*Assigned task*
Each line that contains the string "right" counts once; report how many such lines appear in the data, as a number only.

*Records to process*
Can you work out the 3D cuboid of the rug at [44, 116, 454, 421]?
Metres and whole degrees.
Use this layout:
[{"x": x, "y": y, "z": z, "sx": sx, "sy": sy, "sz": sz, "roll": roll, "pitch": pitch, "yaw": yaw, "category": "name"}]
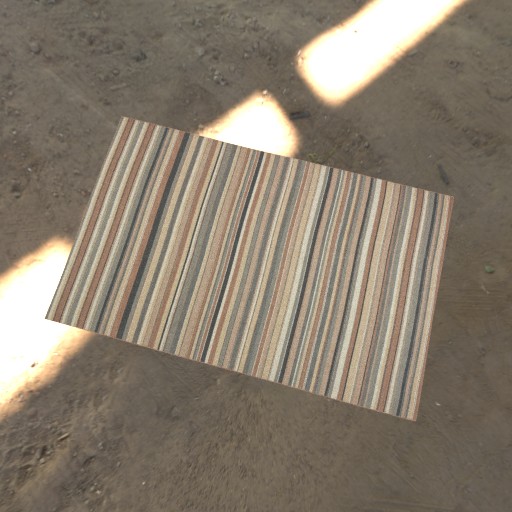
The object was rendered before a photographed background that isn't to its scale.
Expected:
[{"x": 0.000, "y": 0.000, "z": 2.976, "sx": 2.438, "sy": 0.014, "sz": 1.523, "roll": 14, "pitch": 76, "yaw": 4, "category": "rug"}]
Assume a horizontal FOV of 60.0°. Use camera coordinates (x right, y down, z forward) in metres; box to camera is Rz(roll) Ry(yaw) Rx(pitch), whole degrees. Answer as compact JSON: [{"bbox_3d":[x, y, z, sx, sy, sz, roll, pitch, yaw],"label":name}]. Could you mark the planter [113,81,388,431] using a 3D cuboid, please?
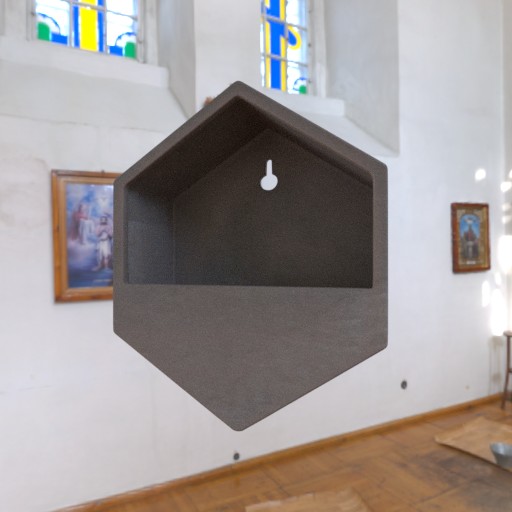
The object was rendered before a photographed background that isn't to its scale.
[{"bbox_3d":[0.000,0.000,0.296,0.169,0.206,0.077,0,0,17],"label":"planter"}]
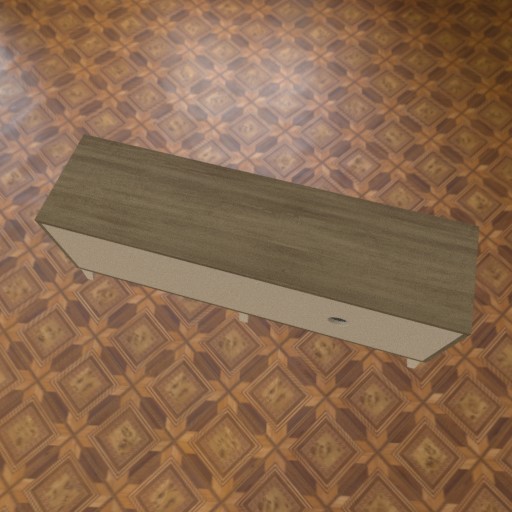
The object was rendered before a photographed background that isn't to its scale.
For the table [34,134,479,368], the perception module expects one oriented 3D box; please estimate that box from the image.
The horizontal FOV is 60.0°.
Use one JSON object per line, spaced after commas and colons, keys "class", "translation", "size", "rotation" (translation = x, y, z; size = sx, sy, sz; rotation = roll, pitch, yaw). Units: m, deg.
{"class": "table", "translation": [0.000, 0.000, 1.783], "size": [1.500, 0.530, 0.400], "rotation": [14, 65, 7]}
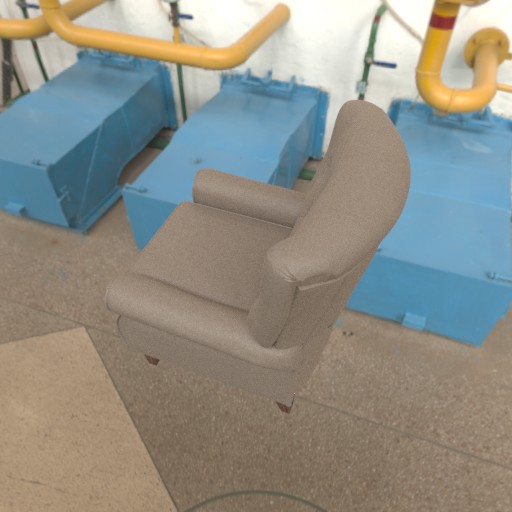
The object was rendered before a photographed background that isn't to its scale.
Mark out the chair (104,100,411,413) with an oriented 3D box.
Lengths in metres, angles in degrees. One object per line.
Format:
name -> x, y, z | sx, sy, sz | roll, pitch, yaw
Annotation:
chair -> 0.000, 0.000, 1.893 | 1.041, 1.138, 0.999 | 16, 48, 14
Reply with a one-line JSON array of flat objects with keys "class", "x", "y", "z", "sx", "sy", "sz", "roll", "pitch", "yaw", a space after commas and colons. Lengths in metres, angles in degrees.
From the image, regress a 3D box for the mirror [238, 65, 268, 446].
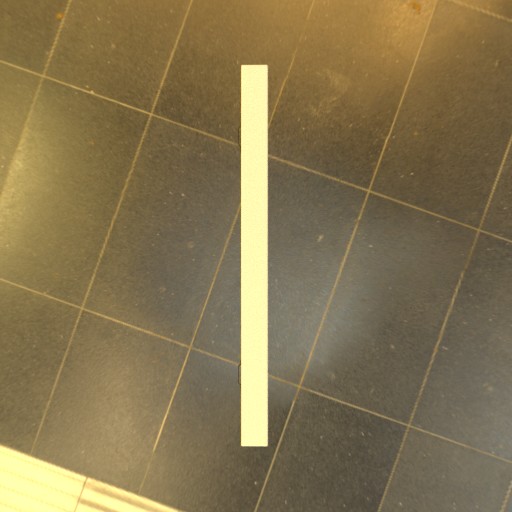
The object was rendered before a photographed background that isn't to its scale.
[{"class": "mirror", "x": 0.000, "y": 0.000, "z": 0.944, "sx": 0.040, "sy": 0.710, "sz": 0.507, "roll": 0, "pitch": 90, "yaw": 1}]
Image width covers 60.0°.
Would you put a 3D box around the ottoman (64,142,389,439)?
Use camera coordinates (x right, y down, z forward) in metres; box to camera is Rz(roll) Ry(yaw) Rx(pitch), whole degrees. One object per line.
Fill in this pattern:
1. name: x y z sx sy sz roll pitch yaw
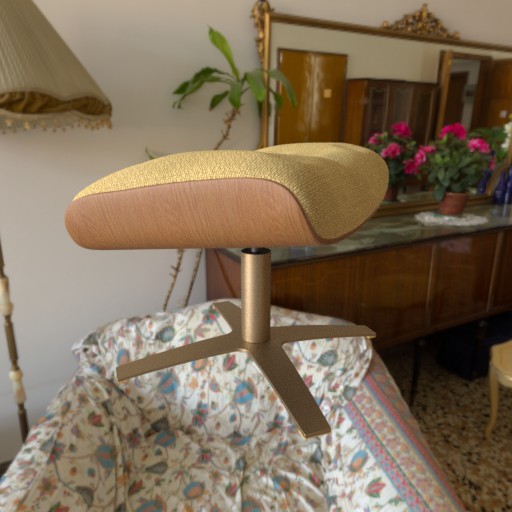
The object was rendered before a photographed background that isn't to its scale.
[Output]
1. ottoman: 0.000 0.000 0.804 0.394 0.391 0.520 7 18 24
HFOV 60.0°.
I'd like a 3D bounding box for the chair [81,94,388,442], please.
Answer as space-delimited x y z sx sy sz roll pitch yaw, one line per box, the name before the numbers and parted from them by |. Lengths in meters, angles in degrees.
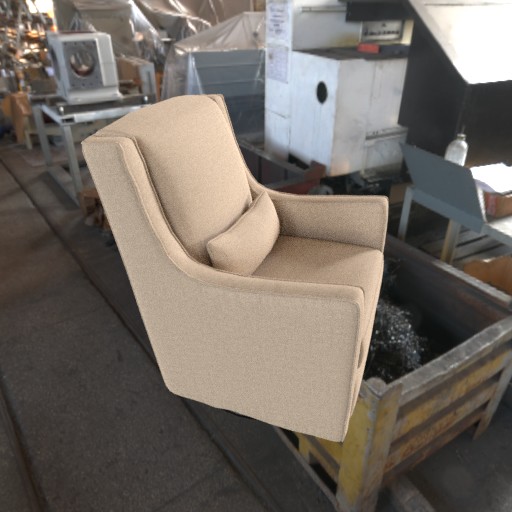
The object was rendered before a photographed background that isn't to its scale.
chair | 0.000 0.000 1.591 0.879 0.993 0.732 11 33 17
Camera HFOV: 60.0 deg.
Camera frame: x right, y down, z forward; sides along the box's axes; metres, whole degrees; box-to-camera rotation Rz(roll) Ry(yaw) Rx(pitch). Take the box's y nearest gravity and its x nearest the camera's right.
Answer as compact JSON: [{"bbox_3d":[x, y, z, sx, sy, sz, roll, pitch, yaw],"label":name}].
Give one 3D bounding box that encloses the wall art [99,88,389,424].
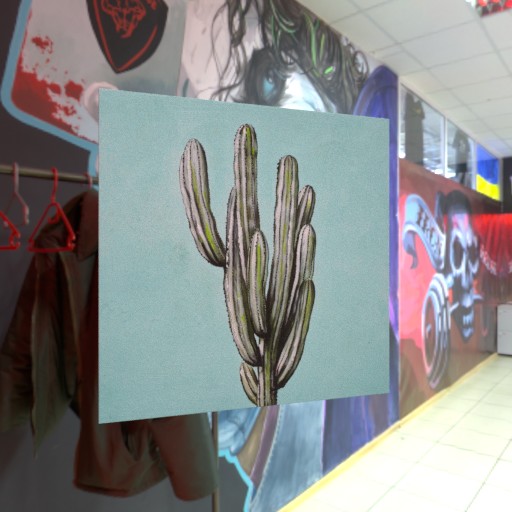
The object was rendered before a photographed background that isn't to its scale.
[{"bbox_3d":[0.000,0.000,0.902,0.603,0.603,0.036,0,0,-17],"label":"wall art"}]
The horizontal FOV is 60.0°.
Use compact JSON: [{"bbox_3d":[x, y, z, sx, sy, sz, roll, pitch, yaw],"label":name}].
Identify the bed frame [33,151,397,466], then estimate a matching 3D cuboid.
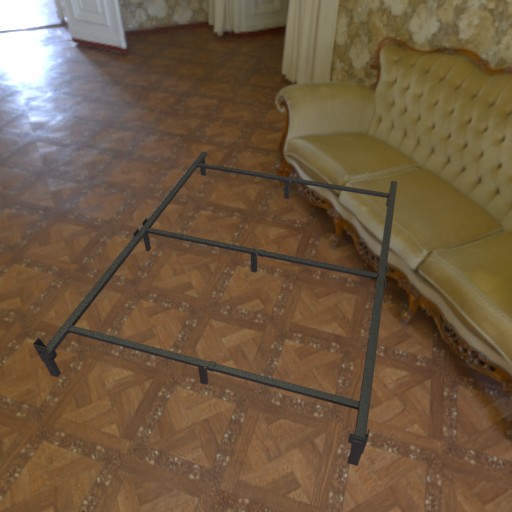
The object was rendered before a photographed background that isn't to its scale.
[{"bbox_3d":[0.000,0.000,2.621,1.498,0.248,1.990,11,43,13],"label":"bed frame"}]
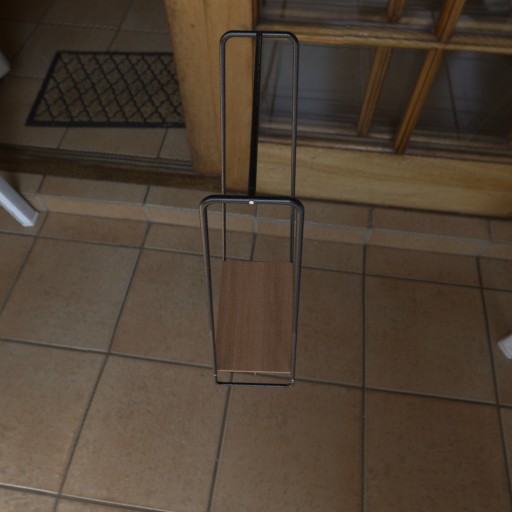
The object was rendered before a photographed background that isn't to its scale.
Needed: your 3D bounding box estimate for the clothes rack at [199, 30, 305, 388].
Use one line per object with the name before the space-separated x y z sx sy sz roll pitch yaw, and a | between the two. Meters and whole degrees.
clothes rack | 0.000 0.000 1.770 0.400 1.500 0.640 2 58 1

*Exercise answer*
3